__Task objective__
Every entry must be reproduced word for word.

··· Materials provided

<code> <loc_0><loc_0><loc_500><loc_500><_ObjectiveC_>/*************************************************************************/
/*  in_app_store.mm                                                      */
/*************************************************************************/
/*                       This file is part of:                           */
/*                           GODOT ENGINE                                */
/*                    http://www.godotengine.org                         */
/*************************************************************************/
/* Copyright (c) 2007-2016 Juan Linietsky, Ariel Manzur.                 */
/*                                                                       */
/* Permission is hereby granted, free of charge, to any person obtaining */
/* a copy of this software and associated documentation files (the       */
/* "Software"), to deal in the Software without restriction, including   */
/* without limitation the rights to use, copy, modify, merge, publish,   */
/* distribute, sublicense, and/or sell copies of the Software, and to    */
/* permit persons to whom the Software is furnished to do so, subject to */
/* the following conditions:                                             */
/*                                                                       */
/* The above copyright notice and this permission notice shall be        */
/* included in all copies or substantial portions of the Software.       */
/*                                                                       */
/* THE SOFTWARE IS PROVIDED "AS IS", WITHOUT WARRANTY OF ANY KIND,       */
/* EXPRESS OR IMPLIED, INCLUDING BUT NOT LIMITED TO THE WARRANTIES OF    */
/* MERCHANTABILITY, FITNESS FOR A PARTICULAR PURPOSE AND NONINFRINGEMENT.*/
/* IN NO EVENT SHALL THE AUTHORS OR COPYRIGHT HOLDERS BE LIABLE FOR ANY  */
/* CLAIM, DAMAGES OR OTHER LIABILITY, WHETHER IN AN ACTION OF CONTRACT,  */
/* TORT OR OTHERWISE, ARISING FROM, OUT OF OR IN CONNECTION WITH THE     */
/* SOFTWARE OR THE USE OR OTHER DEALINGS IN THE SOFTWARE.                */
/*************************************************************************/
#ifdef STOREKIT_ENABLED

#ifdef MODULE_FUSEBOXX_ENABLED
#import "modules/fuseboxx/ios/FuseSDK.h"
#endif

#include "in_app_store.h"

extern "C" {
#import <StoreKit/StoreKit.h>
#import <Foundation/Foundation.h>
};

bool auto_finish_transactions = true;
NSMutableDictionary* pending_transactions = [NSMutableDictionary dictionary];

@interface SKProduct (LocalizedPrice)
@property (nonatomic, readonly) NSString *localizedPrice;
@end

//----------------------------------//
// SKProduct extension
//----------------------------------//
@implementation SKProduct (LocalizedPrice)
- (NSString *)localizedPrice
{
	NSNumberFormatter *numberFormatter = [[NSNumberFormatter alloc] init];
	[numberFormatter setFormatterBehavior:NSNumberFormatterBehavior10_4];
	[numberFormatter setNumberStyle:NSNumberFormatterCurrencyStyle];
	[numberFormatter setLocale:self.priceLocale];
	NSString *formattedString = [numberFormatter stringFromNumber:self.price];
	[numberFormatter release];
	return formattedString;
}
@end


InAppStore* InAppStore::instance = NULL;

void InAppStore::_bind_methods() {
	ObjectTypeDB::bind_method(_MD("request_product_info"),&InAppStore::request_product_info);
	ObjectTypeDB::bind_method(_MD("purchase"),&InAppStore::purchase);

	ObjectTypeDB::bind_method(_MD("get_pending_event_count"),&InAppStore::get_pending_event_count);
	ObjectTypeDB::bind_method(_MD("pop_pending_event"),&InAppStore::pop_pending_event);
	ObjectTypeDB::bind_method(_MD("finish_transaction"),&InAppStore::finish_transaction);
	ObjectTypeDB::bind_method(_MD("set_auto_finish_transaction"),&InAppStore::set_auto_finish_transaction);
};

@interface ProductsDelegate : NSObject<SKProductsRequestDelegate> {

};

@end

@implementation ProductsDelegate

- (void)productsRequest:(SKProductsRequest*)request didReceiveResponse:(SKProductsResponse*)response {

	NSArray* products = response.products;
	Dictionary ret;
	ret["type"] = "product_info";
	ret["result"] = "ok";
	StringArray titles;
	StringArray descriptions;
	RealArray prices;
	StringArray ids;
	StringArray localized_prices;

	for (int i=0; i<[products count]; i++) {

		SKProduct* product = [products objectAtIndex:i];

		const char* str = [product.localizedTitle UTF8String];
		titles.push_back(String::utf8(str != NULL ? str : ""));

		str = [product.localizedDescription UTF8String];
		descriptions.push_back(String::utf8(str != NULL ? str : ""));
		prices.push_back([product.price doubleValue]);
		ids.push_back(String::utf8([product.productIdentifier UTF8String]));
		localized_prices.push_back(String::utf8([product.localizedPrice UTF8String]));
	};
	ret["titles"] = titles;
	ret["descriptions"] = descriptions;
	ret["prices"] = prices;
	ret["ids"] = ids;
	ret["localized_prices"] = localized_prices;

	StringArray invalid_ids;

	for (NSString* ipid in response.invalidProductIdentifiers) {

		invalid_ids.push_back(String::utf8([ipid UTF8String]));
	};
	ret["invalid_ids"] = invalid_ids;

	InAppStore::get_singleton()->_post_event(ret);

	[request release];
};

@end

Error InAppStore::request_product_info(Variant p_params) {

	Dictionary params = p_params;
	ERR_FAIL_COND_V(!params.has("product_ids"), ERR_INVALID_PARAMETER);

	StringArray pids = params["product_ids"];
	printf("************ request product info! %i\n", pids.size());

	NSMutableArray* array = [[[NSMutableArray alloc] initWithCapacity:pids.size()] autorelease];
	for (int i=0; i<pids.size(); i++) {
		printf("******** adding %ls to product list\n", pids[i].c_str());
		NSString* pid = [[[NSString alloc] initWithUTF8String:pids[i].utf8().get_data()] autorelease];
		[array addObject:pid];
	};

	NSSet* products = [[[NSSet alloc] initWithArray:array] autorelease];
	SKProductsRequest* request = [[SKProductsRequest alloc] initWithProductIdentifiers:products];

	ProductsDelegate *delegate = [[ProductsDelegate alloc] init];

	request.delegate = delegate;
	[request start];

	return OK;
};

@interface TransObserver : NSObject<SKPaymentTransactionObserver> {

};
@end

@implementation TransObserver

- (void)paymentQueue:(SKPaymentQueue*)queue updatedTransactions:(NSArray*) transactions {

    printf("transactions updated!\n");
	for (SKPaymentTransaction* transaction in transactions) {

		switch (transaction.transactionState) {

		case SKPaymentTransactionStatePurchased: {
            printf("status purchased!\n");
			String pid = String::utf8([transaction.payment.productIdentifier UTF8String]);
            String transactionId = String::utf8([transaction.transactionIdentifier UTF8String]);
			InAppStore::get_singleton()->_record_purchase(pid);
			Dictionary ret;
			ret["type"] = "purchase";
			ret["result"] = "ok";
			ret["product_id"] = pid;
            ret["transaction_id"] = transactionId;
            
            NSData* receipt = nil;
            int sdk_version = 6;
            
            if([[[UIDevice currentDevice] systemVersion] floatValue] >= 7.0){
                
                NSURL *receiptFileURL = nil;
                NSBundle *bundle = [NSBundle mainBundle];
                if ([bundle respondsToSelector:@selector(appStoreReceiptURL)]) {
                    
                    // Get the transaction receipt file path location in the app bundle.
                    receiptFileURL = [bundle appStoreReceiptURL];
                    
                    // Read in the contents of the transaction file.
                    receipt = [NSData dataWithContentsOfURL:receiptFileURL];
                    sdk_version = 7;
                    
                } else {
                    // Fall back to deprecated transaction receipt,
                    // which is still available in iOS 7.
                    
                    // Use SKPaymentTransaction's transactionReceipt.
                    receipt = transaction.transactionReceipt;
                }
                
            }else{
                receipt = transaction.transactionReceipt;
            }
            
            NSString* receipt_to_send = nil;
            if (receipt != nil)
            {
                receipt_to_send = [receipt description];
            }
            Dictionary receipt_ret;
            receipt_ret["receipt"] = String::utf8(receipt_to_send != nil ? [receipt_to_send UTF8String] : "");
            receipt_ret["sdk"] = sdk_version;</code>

······

__Result__
<code> <loc_0><loc_0><loc_500><loc_500><_ObjectiveC_>/*************************************************************************/
/*  in_app_store.mm                                                      */
/*************************************************************************/
/*                       This file is part of:                           */
/*                           GODOT ENGINE                                */
/*                    http://www.godotengine.org                         */
/*************************************************************************/
/* Copyright (c) 2007-2016 Juan Linietsky, Ariel Manzur.                 */
/*                                                                       */
/* Permission is hereby granted, free of charge, to any person obtaining */
/* a copy of this software and associated documentation files (the       */
/* "Software"), to deal in the Software without restriction, including   */
/* without limitation the rights to use, copy, modify, merge, publish,   */
/* distribute, sublicense, and/or sell copies of the Software, and to    */
/* permit persons to whom the Software is furnished to do so, subject to */
/* the following conditions:                                             */
/*                                                                       */
/* The above copyright notice and this permission notice shall be        */
/* included in all copies or substantial portions of the Software.       */
/*                                                                       */
/* THE SOFTWARE IS PROVIDED "AS IS", WITHOUT WARRANTY OF ANY KIND,       */
/* EXPRESS OR IMPLIED, INCLUDING BUT NOT LIMITED TO THE WARRANTIES OF    */
/* MERCHANTABILITY, FITNESS FOR A PARTICULAR PURPOSE AND NONINFRINGEMENT.*/
/* IN NO EVENT SHALL THE AUTHORS OR COPYRIGHT HOLDERS BE LIABLE FOR ANY  */
/* CLAIM, DAMAGES OR OTHER LIABILITY, WHETHER IN AN ACTION OF CONTRACT,  */
/* TORT OR OTHERWISE, ARISING FROM, OUT OF OR IN CONNECTION WITH THE     */
/* SOFTWARE OR THE USE OR OTHER DEALINGS IN THE SOFTWARE.                */
/*************************************************************************/
#ifdef STOREKIT_ENABLED

#ifdef MODULE_FUSEBOXX_ENABLED
#import "modules/fuseboxx/ios/FuseSDK.h"
#endif

#include "in_app_store.h"

extern "C" {
#import <StoreKit/StoreKit.h>
#import <Foundation/Foundation.h>
};

bool auto_finish_transactions = true;
NSMutableDictionary* pending_transactions = [NSMutableDictionary dictionary];

@interface SKProduct (LocalizedPrice)
@property (nonatomic, readonly) NSString *localizedPrice;
@end

//----------------------------------//
// SKProduct extension
//----------------------------------//
@implementation SKProduct (LocalizedPrice)
- (NSString *)localizedPrice
{
	NSNumberFormatter *numberFormatter = [[NSNumberFormatter alloc] init];
	[numberFormatter setFormatterBehavior:NSNumberFormatterBehavior10_4];
	[numberFormatter setNumberStyle:NSNumberFormatterCurrencyStyle];
	[numberFormatter setLocale:self.priceLocale];
	NSString *formattedString = [numberFormatter stringFromNumber:self.price];
	[numberFormatter release];
	return formattedString;
}
@end


InAppStore* InAppStore::instance = NULL;

void InAppStore::_bind_methods() {
	ObjectTypeDB::bind_method(_MD("request_product_info"),&InAppStore::request_product_info);
	ObjectTypeDB::bind_method(_MD("purchase"),&InAppStore::purchase);

	ObjectTypeDB::bind_method(_MD("get_pending_event_count"),&InAppStore::get_pending_event_count);
	ObjectTypeDB::bind_method(_MD("pop_pending_event"),&InAppStore::pop_pending_event);
	ObjectTypeDB::bind_method(_MD("finish_transaction"),&InAppStore::finish_transaction);
	ObjectTypeDB::bind_method(_MD("set_auto_finish_transaction"),&InAppStore::set_auto_finish_transaction);
};

@interface ProductsDelegate : NSObject<SKProductsRequestDelegate> {

};

@end

@implementation ProductsDelegate

- (void)productsRequest:(SKProductsRequest*)request didReceiveResponse:(SKProductsResponse*)response {

	NSArray* products = response.products;
	Dictionary ret;
	ret["type"] = "product_info";
	ret["result"] = "ok";
	StringArray titles;
	StringArray descriptions;
	RealArray prices;
	StringArray ids;
	StringArray localized_prices;

	for (int i=0; i<[products count]; i++) {

		SKProduct* product = [products objectAtIndex:i];

		const char* str = [product.localizedTitle UTF8String];
		titles.push_back(String::utf8(str != NULL ? str : ""));

		str = [product.localizedDescription UTF8String];
		descriptions.push_back(String::utf8(str != NULL ? str : ""));
		prices.push_back([product.price doubleValue]);
		ids.push_back(String::utf8([product.productIdentifier UTF8String]));
		localized_prices.push_back(String::utf8([product.localizedPrice UTF8String]));
	};
	ret["titles"] = titles;
	ret["descriptions"] = descriptions;
	ret["prices"] = prices;
	ret["ids"] = ids;
	ret["localized_prices"] = localized_prices;

	StringArray invalid_ids;

	for (NSString* ipid in response.invalidProductIdentifiers) {

		invalid_ids.push_back(String::utf8([ipid UTF8String]));
	};
	ret["invalid_ids"] = invalid_ids;

	InAppStore::get_singleton()->_post_event(ret);

	[request release];
};

@end

Error InAppStore::request_product_info(Variant p_params) {

	Dictionary params = p_params;
	ERR_FAIL_COND_V(!params.has("product_ids"), ERR_INVALID_PARAMETER);

	StringArray pids = params["product_ids"];
	printf("************ request product info! %i\n", pids.size());

	NSMutableArray* array = [[[NSMutableArray alloc] initWithCapacity:pids.size()] autorelease];
	for (int i=0; i<pids.size(); i++) {
		printf("******** adding %ls to product list\n", pids[i].c_str());
		NSString* pid = [[[NSString alloc] initWithUTF8String:pids[i].utf8().get_data()] autorelease];
		[array addObject:pid];
	};

	NSSet* products = [[[NSSet alloc] initWithArray:array] autorelease];
	SKProductsRequest* request = [[SKProductsRequest alloc] initWithProductIdentifiers:products];

	ProductsDelegate *delegate = [[ProductsDelegate alloc] init];

	request.delegate = delegate;
	[request start];

	return OK;
};

@interface TransObserver : NSObject<SKPaymentTransactionObserver> {

};
@end

@implementation TransObserver

- (void)paymentQueue:(SKPaymentQueue*)queue updatedTransactions:(NSArray*) transactions {

    printf("transactions updated!\n");
	for (SKPaymentTransaction* transaction in transactions) {

		switch (transaction.transactionState) {

		case SKPaymentTransactionStatePurchased: {
            printf("status purchased!\n");
			String pid = String::utf8([transaction.payment.productIdentifier UTF8String]);
            String transactionId = String::utf8([transaction.transactionIdentifier UTF8String]);
			InAppStore::get_singleton()->_record_purchase(pid);
			Dictionary ret;
			ret["type"] = "purchase";
			ret["result"] = "ok";
			ret["product_id"] = pid;
            ret["transaction_id"] = transactionId;
            
            NSData* receipt = nil;
            int sdk_version = 6;
            
            if([[[UIDevice currentDevice] systemVersion] floatValue] >= 7.0){
                
                NSURL *receiptFileURL = nil;
                NSBundle *bundle = [NSBundle mainBundle];
                if ([bundle respondsToSelector:@selector(appStoreReceiptURL)]) {
                    
                    // Get the transaction receipt file path location in the app bundle.
                    receiptFileURL = [bundle appStoreReceiptURL];
                    
                    // Read in the contents of the transaction file.
                    receipt = [NSData dataWithContentsOfURL:receiptFileURL];
                    sdk_version = 7;
                    
                } else {
                    // Fall back to deprecated transaction receipt,
                    // which is still available in iOS 7.
                    
                    // Use SKPaymentTransaction's transactionReceipt.
                    receipt = transaction.transactionReceipt;
                }
                
            }else{
                receipt = transaction.transactionReceipt;
            }
            
            NSString* receipt_to_send = nil;
            if (receipt != nil)
            {
                receipt_to_send = [receipt description];
            }
            Dictionary receipt_ret;
            receipt_ret["receipt"] = String::utf8(receipt_to_send != nil ? [receipt_to_send UTF8String] : "");
            receipt_ret["sdk"] = sdk_version;</code>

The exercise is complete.